Suncorp CEO Steve Johnston said the outbreak of the virus would have a wide range of impacts across its insurance and banking business ranging from mildly positive to overwhelmingly negative in its quarterly update.

Mr Johnston said there would be fewer automotive claims but expected a uptick in the loss of rent claims from landlords while “the precise impact will be hard to predict. The bank has around half a million in-force landlord insurance policies with the majority through market leader Terri Scheer.

“We have already received thousands of requests for financial hardship from both our bank and insurance customers and have provided discounts and premium waivers to 12,300 insurance customers in Australia and New Zealand and approved $4.05 billion in loan deferrals.”

Mr Johnston said as a result of the underpayment of employees costs with be slightly higher than $2.7 billion for the upcoming full year.

In a separate announcement, Mr Johnston announced that newly appointed CEO of its banking arm and former Ubank boss Lee Hatton was leaving the bank at the end of May after starting in February.

Ms Hatton, who had long been associated with NAB’s digital only banking arm UBank, will be replaced on an acting basis by Suncorp executive general manager of deposits and payments Bruce Rush who has been with the bank for a decade. Ms Hatton is returning to Sydney to work for an unnamed fintech company.

The $133 million in COVID-19 provisions is equivalent to 23 basis points of gross loans and acceptances and takes the total provisions to $234 million or around double the size of provisions for bad and doubtful debts seen in the first half.

The bank provided guidance on its net interest margin (the difference between its cost of funds and what it can charges customers) towards the top end of the 1.85 – 1.95 per cent range.

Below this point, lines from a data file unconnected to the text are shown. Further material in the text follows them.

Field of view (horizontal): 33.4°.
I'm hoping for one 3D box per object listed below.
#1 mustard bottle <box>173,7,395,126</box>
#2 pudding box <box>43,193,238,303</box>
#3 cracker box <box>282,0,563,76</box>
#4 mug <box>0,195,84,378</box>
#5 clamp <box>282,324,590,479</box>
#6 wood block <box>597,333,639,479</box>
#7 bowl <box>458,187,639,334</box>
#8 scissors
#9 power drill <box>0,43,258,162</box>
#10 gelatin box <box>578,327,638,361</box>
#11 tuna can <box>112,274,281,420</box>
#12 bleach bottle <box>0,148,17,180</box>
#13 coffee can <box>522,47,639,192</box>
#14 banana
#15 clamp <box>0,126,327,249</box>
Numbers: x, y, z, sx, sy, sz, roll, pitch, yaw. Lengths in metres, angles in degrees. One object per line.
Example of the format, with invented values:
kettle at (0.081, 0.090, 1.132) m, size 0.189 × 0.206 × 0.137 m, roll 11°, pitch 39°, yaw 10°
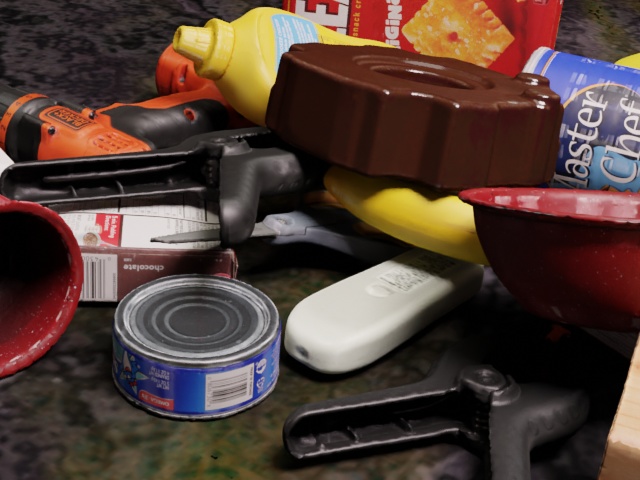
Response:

Mr Johnston also revealed Suncorp’s investment portfolio sustained mark-to-market losses of $205 million over the quarter but CFO Jeremy Robson said the group considered the portfolio conservatively positioned.

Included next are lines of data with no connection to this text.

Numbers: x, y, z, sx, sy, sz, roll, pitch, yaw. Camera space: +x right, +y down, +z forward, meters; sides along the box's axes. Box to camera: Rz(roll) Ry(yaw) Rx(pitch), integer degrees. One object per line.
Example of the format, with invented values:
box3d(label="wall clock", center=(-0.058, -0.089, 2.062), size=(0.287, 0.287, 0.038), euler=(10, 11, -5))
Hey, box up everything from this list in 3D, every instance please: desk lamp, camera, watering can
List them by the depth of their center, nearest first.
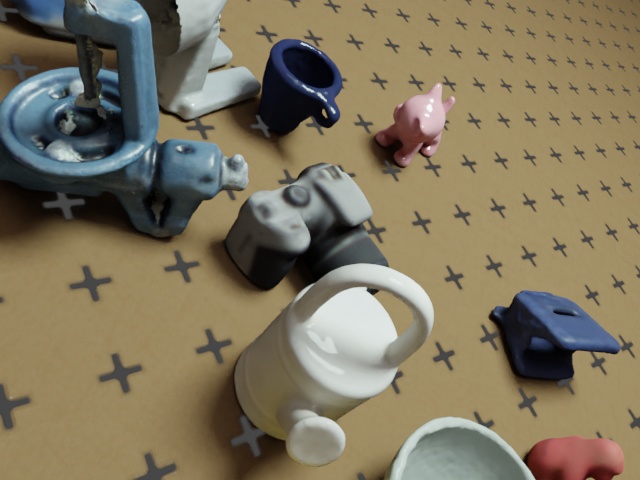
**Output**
box3d(label="watering can", center=(0.013, 0.088, 0.446), size=(0.101, 0.193, 0.172), euler=(13, 52, -25))
box3d(label="camera", center=(0.005, 0.002, 0.570), size=(0.143, 0.100, 0.136), euler=(-25, 74, -42))
box3d(label="desk lamp", center=(-0.124, -0.233, 0.581), size=(0.118, 0.213, 0.204), euler=(48, 46, 7))

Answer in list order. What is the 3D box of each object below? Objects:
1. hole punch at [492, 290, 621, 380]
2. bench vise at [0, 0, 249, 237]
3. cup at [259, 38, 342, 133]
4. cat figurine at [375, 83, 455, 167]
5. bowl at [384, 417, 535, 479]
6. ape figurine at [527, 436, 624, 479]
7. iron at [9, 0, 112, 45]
box3d(label="hole punch", center=(0.279, 0.104, 0.679), size=(0.109, 0.091, 0.101), euler=(9, 54, -28))
box3d(label="bench vise", center=(-0.152, -0.106, 0.465), size=(0.208, 0.219, 0.121), euler=(0, 58, -33))
box3d(label="cup", center=(-0.026, -0.162, 0.676), size=(0.092, 0.094, 0.117), euler=(-18, 69, -40))
box3d(label="cat figurine", center=(0.138, -0.160, 0.764), size=(0.067, 0.117, 0.128), euler=(50, 46, 9))
box3d(label="bowl", center=(0.111, 0.241, 0.480), size=(0.168, 0.074, 0.167), euler=(17, 50, -22))
box3d(label="ape figurine", center=(0.263, 0.228, 0.577), size=(0.076, 0.092, 0.078), euler=(49, 46, 8))
box3d(label="iron", center=(-0.214, -0.301, 0.624), size=(0.259, 0.141, 0.118), euler=(-2, 59, -34))

Suncorp began an investigation of of employee pay and entitlements in November last year and after analysing the data available the board agreed on a range of costs flowing the problem of between $40 million and $70 million.

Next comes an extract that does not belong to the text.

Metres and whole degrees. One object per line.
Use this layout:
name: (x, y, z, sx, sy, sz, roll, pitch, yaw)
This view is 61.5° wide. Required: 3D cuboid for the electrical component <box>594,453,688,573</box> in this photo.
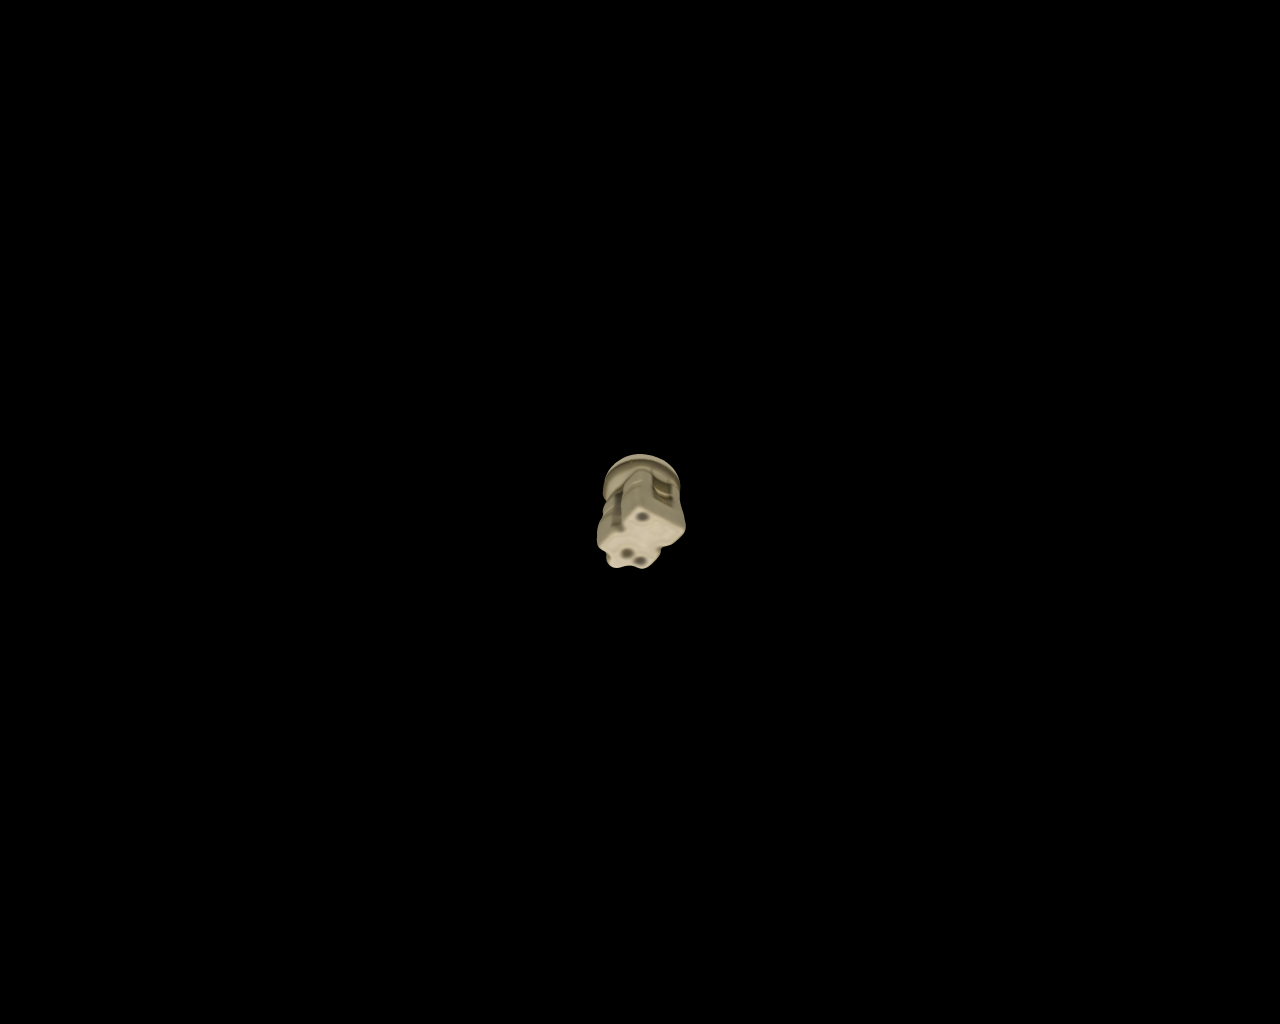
electrical component: (0.001, -0.003, 0.650, 0.048, 0.055, 0.066, 29, -54, -24)

“We have identified some inconsistencies in both our rostering system and pay system leading to incorrect overpayments and under payments,” Mr Johnston said.

The early stages of the investigtion revealed incorrect payments of overtime, shift penalties and public holiday loadings. The company has self-reported to the Fair Work Ombudsman.

“As a Suncorp employee of long standing I am incredibly disappointed that we have let our people down – there is no excuse and we need to get this right,” Mr Johnston said.

The investigation has thus far been restricted to the Australian insurance business with further updates on the company’s progress to be announced as they come to hand.